The Onions need to be fried really really well until they become brownish.Otherwise the lentil dish becomes bitter. I know from painful experience







but my husband's indian cooking expertise saved me


----------



## Mama Rana (Aug 18, 2004)

huh. that's really weird. So i just didn't sautee the onions long enough?? do you know what causes that?

thanks!


----------



## captain optimism (Jan 2, 2003)

I didn't know that lentils could be bitter! I wonder about the spices. But anyway, I know how to make sure your onions come out very sweet.

First sauté them on a dry pan, so that they steam a little, and then add some oil and turn the heat way down and cook them with a lid on the pan for 10 to 15 minutes. You can stir occasionally. The onions should be lightly browned. This makes them sweet. (I don't use a non-stick pan but the onions have never stuck in the first stage.)
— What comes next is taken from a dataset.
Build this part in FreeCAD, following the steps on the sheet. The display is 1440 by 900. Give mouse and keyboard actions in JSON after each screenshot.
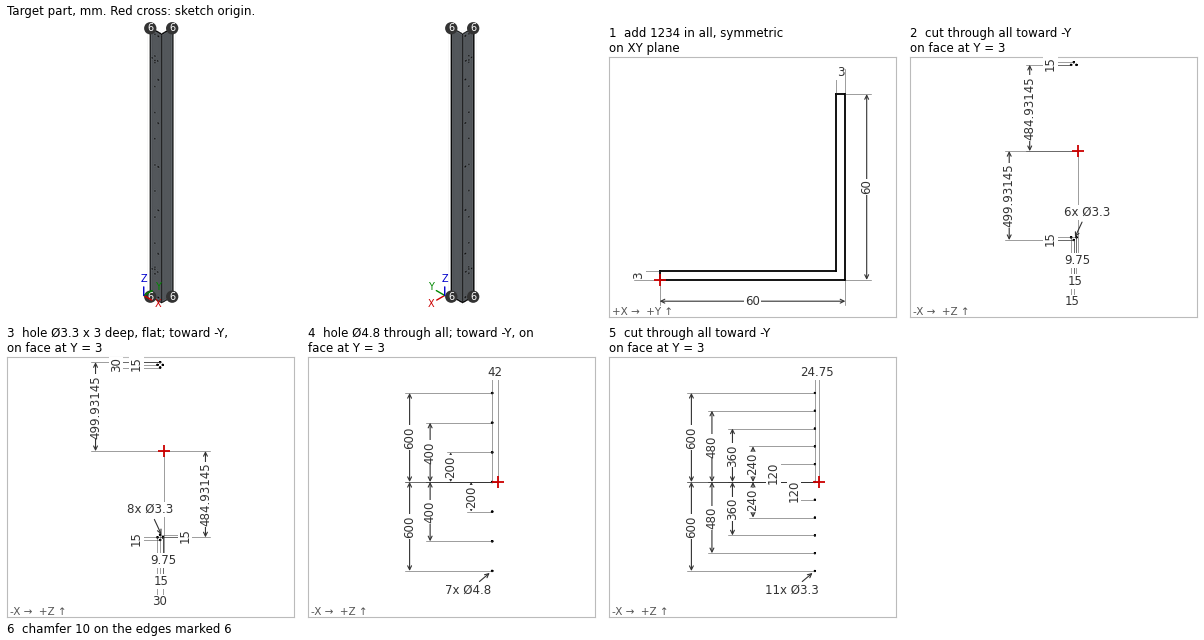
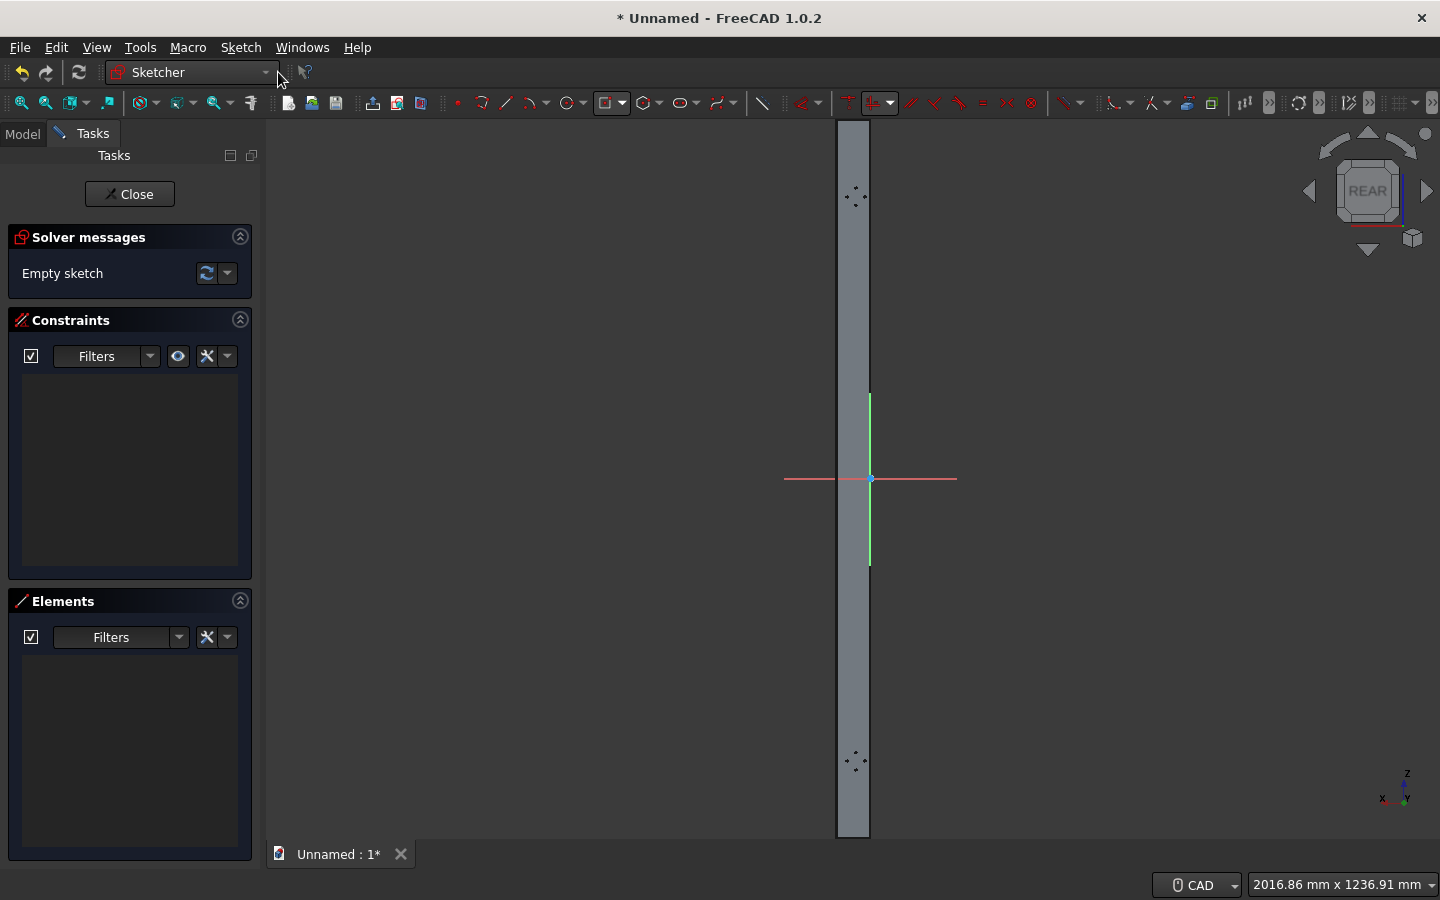
{"action": "left_click", "coordinate": [422, 104]}

If you are trying to cut the fat in your food and you want to sauté the onion with no oil, some people do it in wine.


----------



## huggerwocky (Jun 21, 2004)

Quote:


Originally Posted by *Mama Rana*
huh. that's really weird. So i just didn't sautee the onions long enough?? do you know what causes that?

thanks!

I have no idea, that's what my husband told me and since I started frying them more it doesn't taste bitter anymore.Try it!


----------



## huggerwocky (Jun 21, 2004)

Quote:


Originally Posted by *captain optimism*

If you are trying to cut the fat in your food and you want to sauté the onion with no oil, some people do it in wine.

If you cut the onions coarsely you need less oil.I sometimes do that and then puree them when they are fried.


----------